In the first week in August, the Hardings went to a summer camp, about forty miles to the north of Momaco. There were a number of small lakes in the Bush, and at several places the Momacoans had built huts and arranged centres for the hire of canoes.What the seaside is for the English these lake-lands are for the Momacoans. The English Canadians and the Peasoups were rigidly separated, the English having the best sites.
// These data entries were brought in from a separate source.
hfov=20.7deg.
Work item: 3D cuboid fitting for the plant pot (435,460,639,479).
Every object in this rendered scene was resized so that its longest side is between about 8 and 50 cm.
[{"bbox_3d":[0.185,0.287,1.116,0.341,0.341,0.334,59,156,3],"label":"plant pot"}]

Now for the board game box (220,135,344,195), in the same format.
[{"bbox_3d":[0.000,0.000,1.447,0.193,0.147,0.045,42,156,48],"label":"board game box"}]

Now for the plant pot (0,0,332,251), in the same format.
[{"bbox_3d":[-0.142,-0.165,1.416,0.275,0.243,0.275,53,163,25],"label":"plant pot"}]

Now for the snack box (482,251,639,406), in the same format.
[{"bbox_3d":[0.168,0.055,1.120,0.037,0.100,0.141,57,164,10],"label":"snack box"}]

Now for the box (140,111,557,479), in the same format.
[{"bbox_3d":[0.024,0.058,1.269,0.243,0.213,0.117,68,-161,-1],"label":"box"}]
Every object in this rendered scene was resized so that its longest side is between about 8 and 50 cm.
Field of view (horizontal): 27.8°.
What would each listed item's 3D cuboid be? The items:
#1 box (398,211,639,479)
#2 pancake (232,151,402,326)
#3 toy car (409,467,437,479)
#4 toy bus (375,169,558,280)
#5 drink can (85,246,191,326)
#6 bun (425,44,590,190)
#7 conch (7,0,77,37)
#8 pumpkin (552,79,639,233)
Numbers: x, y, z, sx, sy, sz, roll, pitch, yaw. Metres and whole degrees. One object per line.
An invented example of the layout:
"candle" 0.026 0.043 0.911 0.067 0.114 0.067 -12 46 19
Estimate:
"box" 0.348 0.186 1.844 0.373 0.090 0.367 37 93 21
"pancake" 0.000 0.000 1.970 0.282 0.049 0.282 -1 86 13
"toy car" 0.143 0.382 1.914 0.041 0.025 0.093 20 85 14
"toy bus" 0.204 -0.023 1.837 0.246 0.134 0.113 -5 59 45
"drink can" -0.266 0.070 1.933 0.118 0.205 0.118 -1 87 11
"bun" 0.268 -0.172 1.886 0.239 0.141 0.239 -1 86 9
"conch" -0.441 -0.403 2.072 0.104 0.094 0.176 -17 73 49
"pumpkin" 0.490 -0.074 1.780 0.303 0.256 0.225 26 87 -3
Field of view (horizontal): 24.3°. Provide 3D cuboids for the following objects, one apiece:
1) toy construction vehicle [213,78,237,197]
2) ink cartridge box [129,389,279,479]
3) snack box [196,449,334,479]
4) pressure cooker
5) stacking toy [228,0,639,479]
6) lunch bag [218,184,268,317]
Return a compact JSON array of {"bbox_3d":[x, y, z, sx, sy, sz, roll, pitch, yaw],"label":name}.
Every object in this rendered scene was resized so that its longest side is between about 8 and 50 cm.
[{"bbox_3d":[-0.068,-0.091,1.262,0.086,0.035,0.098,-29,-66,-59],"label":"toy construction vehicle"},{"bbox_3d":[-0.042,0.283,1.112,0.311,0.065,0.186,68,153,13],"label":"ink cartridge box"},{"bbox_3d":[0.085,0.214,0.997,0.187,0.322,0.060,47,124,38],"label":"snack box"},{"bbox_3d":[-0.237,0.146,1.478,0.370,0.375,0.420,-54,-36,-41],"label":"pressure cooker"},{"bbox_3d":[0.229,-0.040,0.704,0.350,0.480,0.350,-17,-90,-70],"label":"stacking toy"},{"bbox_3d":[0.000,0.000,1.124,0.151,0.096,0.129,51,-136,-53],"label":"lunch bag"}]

René, in the interests of economy, selected a place where the English and French camping grounds almost met. The English, while paddling too far eastward, might occasionally catch sight of a brown-skinned Peasoup disporting himself in the water; or a canoe-full of little inky-haired Peasoups might paddle past a Nordic Blond sunning himself in front of his hut (reading some Nordic literature, like
Forever Amber
, or a Western story). They would gaze at one another across the glassy water with racial disapproval.

This position, so near the Peasoups, was naturally inexpensive. But it had other disadvantages besides the inconvenience of catching sight of a few Peasoups. As luck would have it, the campsite René had chosen was occasionally visited by what the border people of the U.S. know as “the Canadian Fly.” However, they had a few days of blissful silence, of fir-scented lakes, of plunges into icy waters by moonlight. Hester was almost happy.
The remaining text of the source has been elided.